--- WHAT IS NEEDED ---
Using the entries that follow, write out the line containing "#9 cardboard box", the line containing "#42 rack frame <box>1118,21,1244,344</box>", and every line between them, exactly and nothing else.

Source records:
__________________________________________________

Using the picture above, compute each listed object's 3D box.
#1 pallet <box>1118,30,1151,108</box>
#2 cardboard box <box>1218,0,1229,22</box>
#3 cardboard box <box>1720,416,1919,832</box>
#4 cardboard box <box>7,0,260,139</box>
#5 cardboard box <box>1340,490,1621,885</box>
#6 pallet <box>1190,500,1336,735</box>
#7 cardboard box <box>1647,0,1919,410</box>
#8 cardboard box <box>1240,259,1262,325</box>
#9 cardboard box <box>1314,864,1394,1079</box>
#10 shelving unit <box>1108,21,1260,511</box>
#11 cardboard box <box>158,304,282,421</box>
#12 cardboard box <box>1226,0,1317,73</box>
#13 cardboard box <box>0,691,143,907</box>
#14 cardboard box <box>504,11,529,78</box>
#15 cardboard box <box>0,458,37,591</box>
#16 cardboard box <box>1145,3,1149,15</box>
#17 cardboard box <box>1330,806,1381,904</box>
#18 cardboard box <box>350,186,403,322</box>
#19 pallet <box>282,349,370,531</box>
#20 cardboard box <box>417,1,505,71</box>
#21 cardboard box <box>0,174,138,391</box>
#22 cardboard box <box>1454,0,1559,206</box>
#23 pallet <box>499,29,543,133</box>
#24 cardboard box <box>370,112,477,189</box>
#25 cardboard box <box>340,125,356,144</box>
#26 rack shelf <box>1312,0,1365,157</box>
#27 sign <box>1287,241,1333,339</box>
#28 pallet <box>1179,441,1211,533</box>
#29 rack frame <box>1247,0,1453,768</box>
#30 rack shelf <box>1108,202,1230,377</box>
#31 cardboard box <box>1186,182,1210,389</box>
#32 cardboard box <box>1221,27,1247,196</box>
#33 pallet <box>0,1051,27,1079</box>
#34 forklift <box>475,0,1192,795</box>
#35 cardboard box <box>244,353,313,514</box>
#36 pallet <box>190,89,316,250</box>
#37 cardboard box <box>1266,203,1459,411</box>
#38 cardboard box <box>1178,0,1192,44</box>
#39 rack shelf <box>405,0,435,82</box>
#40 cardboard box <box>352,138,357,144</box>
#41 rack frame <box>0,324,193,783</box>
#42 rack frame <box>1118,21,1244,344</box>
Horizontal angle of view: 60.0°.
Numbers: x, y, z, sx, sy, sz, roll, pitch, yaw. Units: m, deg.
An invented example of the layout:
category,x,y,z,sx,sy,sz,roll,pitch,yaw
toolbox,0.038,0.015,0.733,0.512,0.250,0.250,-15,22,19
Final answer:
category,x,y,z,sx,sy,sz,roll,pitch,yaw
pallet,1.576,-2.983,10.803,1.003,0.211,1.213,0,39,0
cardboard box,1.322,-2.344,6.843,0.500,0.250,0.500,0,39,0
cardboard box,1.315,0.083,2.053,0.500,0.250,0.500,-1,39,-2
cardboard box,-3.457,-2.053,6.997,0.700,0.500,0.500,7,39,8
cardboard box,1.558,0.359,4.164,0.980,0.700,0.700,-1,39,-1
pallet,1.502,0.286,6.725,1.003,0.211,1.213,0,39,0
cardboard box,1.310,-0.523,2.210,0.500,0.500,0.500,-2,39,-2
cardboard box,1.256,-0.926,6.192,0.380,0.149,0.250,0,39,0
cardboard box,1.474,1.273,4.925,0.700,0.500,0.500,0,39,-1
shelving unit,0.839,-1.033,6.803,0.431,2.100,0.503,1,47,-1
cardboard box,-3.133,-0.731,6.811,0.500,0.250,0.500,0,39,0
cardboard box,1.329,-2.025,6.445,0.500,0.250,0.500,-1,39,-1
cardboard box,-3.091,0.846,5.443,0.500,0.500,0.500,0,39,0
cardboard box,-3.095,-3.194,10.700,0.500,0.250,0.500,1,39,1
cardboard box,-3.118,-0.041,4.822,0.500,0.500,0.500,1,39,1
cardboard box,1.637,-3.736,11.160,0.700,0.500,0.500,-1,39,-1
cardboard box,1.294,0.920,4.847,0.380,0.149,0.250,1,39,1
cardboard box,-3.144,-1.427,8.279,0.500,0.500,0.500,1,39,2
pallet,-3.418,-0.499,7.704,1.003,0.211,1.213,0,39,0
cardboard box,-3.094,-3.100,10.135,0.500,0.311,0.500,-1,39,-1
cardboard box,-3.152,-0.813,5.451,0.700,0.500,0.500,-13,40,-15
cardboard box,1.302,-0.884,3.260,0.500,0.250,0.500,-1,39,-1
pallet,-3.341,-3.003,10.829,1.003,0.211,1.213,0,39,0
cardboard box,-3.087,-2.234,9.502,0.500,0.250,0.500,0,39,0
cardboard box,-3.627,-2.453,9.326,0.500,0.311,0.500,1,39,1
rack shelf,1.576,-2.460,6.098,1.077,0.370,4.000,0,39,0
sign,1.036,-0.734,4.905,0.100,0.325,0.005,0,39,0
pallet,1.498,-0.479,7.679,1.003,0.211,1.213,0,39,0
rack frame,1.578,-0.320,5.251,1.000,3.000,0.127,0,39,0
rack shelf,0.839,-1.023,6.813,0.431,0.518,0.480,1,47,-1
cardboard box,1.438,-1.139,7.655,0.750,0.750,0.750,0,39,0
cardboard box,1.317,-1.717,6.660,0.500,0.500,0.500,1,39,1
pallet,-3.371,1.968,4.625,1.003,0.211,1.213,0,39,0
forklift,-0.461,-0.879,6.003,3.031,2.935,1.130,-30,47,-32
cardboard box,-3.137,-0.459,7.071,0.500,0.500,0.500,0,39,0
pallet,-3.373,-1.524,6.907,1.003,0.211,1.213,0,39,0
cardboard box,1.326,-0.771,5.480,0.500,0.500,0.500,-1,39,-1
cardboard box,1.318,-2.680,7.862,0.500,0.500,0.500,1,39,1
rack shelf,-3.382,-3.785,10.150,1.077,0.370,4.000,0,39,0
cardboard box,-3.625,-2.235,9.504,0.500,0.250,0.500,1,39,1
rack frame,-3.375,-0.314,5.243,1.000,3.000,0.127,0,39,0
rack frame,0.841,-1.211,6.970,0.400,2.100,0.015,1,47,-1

__________________________________________________

--- REPLY TO THE TASK ---
#9 cardboard box <box>1314,864,1394,1079</box>
#10 shelving unit <box>1108,21,1260,511</box>
#11 cardboard box <box>158,304,282,421</box>
#12 cardboard box <box>1226,0,1317,73</box>
#13 cardboard box <box>0,691,143,907</box>
#14 cardboard box <box>504,11,529,78</box>
#15 cardboard box <box>0,458,37,591</box>
#16 cardboard box <box>1145,3,1149,15</box>
#17 cardboard box <box>1330,806,1381,904</box>
#18 cardboard box <box>350,186,403,322</box>
#19 pallet <box>282,349,370,531</box>
#20 cardboard box <box>417,1,505,71</box>
#21 cardboard box <box>0,174,138,391</box>
#22 cardboard box <box>1454,0,1559,206</box>
#23 pallet <box>499,29,543,133</box>
#24 cardboard box <box>370,112,477,189</box>
#25 cardboard box <box>340,125,356,144</box>
#26 rack shelf <box>1312,0,1365,157</box>
#27 sign <box>1287,241,1333,339</box>
#28 pallet <box>1179,441,1211,533</box>
#29 rack frame <box>1247,0,1453,768</box>
#30 rack shelf <box>1108,202,1230,377</box>
#31 cardboard box <box>1186,182,1210,389</box>
#32 cardboard box <box>1221,27,1247,196</box>
#33 pallet <box>0,1051,27,1079</box>
#34 forklift <box>475,0,1192,795</box>
#35 cardboard box <box>244,353,313,514</box>
#36 pallet <box>190,89,316,250</box>
#37 cardboard box <box>1266,203,1459,411</box>
#38 cardboard box <box>1178,0,1192,44</box>
#39 rack shelf <box>405,0,435,82</box>
#40 cardboard box <box>352,138,357,144</box>
#41 rack frame <box>0,324,193,783</box>
#42 rack frame <box>1118,21,1244,344</box>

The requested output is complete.